Una mañana en la que Manuel, un buen amigo, había acudido a su estudio, Pablo estalló en un nuevo ataque de furia. Después de soltar una palabrota, tiró la paleta al suelo y, con un trapo, deshizo la mancha al óleo con la que estaba construyendo un rostro.

–Vamos, vamos…  –Manuel trató de sosegarle–. Salgamos a dar un paseo por el jardín botánico. Estoy convencido de que te ayudará a relajarte. Y también, por qué no, a descubrir nuevas ideas.

Avanzaron por los caminos de tierra que delimitaban los grandes parterres cubiertos de flores. Al ver que el pintor se tranquilizaba con aquel contacto súbito con la Naturaleza, Manuel bromeó con cambiar su profesión de arquitecto por la de psicólogo. Al comprobar que Pablo no se reía, le preguntó el por qué de su rabieta.                                                            

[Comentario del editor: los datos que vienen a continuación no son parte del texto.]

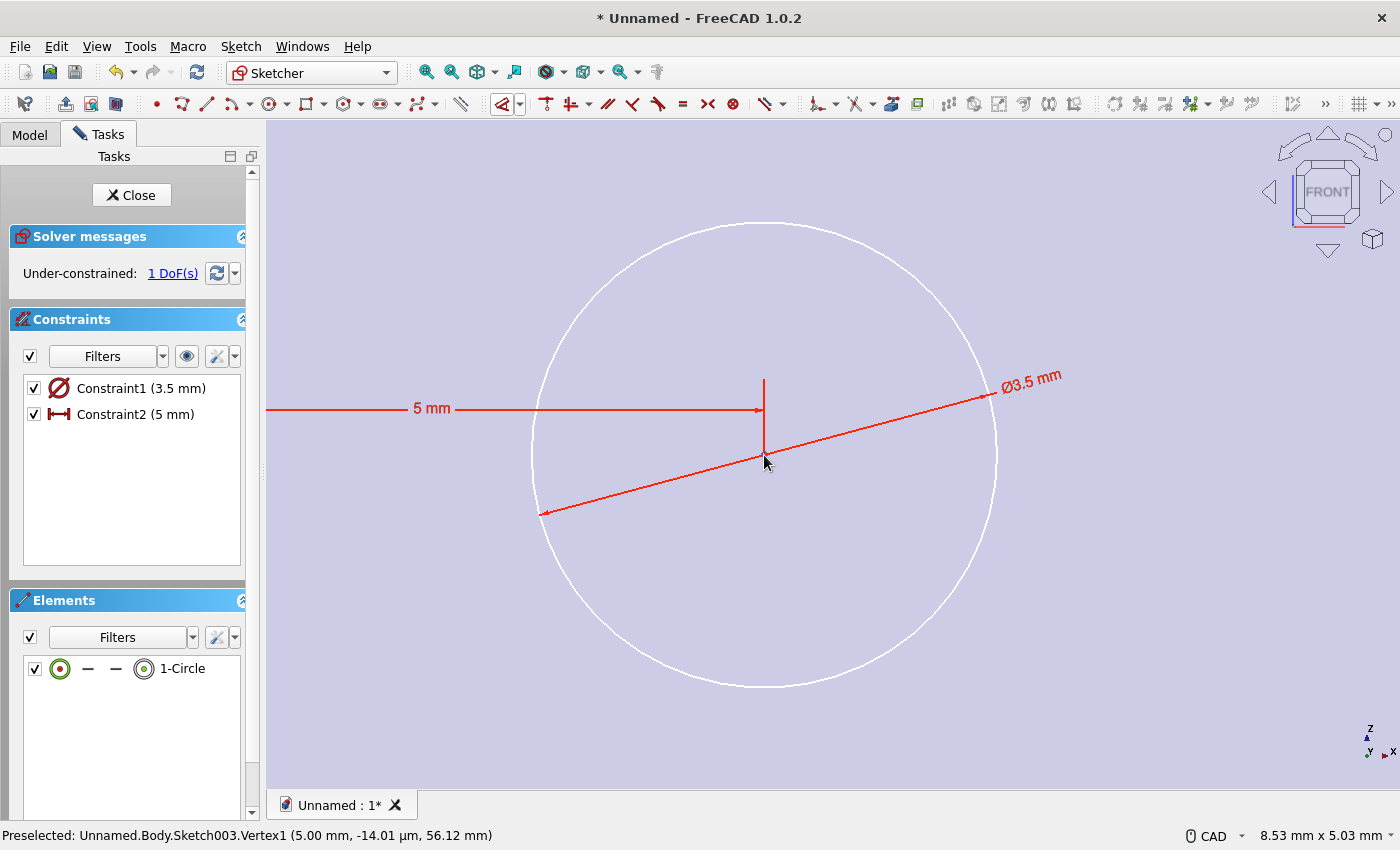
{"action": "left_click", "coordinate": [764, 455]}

El artista, sin hablar, señaló una margarita con el tallo doblado. Como Manuel no identificaba el objeto al que se refería su amigo, Pablo se acercó a la flor y pasó su dedo índice por sus pétalos blancos. Era evidente de que no estaban todos; alguna persona o animal se los había arrancado.

–Esta flor debería ser perfecta, lucir todos sus pétalos y un tallo robusto. Pero esta margarita está dañada; ha quedado lejos de su perfección. Y lo mismo pasa con ese árbol –se refería a una araucaria que se alzaba frente a ellos–. Un árbol debería ser grande y robusto, con ramas cuajadas de verdor, pero a este le faltan muchas hojas. ¿Acaso no las ves, desparramadas por el suelo?

Como entendió que Manuel no comprendía a dónde quería llegar, dio un resoplido, giró sobre sus talones y se marchó a su casa sin despedirse de su amigo.                                          

En cuanto entró a su estudio, decidió darle otra oportunidad al cuadro aunque sospechara que iba a llevarse una nueva decepción. Tomó un cuaderno de apuntes, en el que trazó varios bocetos, pero enseguida detuvo su mano porque no sabía cómo continuar. Pero de pronto le vino a la mente el paseo que acababa de dar por el parque y todo lo que allí había visto: árboles sin todas sus hojas y flores con pétalos de menos. En ese momento entendió lo que le estaba pidiendo el lienzo.

Cuando meses después se inauguró la exposición del Museo de Málaga, Pablo no encontraba las palabras con las que presentar su cuadro al jurado. Le correspondió subir a la tarima y se colocó delante de su obra, cubierta por una tela. Al descubrir la pintura, el jurado y el público enmudecieron antes de soltar una cadena de murmullos que se convirtieron en voces altisonantes por parte de algunos de los presentes, que encabezaban la opinión de que aquello era una tremenda chapuza, incluso una burla.

El pintor esperó a que se hiciera un poco de silencio antes de ponerse a hablar:

–Señoras y señores… –carraspeó–. Entiendo su asombro, y por eso les pido que me permitan ofrecerles una explicación: todos ustedes saben que, a comienzos de año, el Museo abrió la convocatoria para que los pintores malagueños que todavía no habíamos expuesto en estas salas, pudiésemos competir a la medalla de oro con uno de nuestros trabajos. Me inscribí, y durante meses probé las más diversas temáticas, sin que ninguna de ellas me convenciera, lo que me llevó a un estado de depresión que me empujaba a abandonar este maravilloso oficio. Gracias a Dios, tengo un buen amigo que logró sacarme del abatimiento. Solo precisé de un paseo por el jardín botánico en el que me di cuenta de que la Naturaleza, aun sin renunciar a sus leyes, es imperfecta. Y eso es lo que he plasmado en esta obra –se volvió para abrir la mano derecha ante el cuadro–: que no hay nada en el mundo que podamos calificar como perfecto o insuperable.

Ningún espectador hizo ni dijo nada. Le miraban con la boca abierta sin imaginarse que aquel muchacho iba a convertirse en un artista universal.

Pablo Picasso no ganó aquella medalla de oro, pero decidió irse por su cuenta a París, en donde tenía previsto presentar de nuevo su obra para volver a probar suerte, sin imaginarse que aquel iba a ser el principio de su nueva vida.